## Problem to solve
Each line of the data must be written out again verbatim; no image belongs in the copy.
(Beginning of Dataset)
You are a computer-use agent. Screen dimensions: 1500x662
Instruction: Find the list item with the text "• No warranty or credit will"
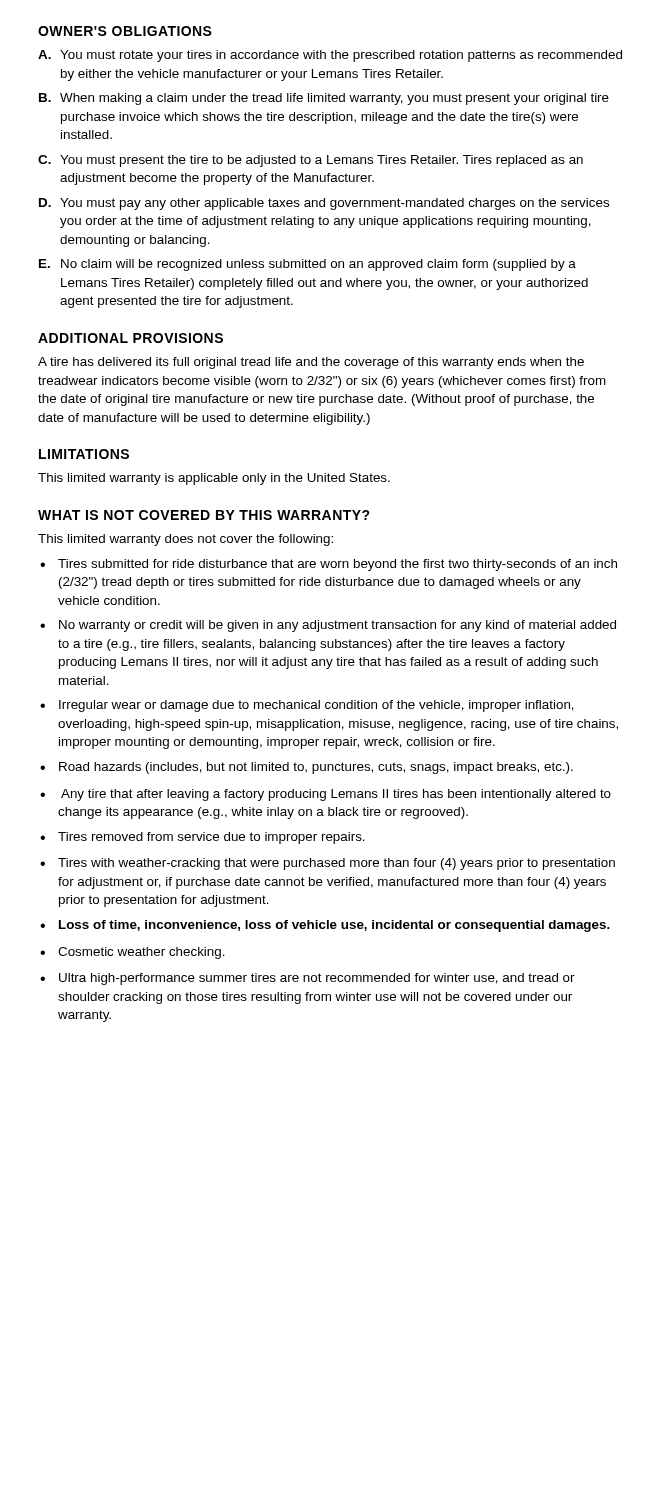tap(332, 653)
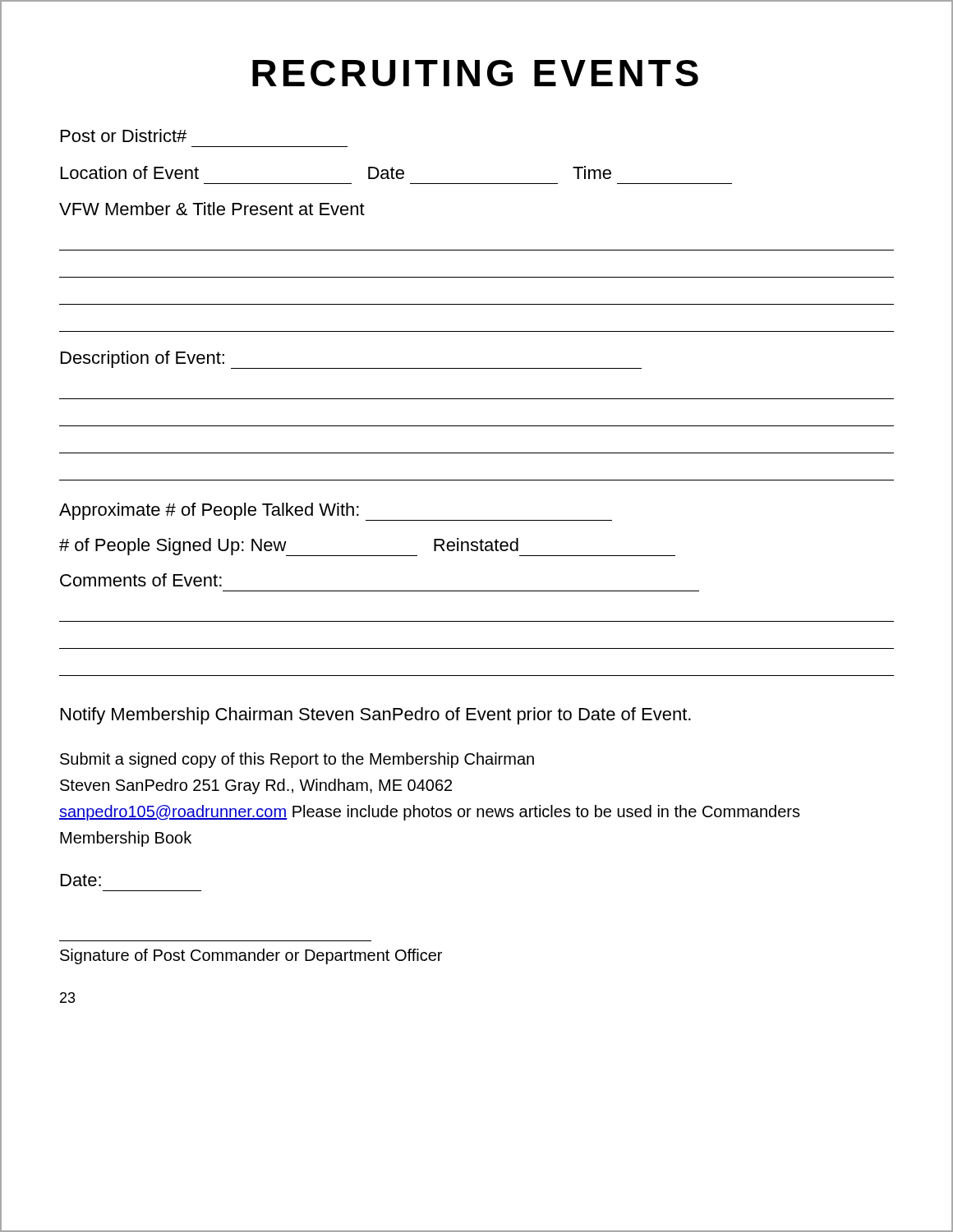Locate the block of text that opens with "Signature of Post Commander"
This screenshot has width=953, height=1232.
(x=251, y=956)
(End of Dataset)
## Exercise solution
You are a computer-use agent. Screen dimensions: 1500x662
Instruction: Find the list item with the text "• No warranty or credit will"
tap(332, 653)
Locate the block of text that opens with "Signature of Post Commander"
This screenshot has width=953, height=1232.
(x=251, y=956)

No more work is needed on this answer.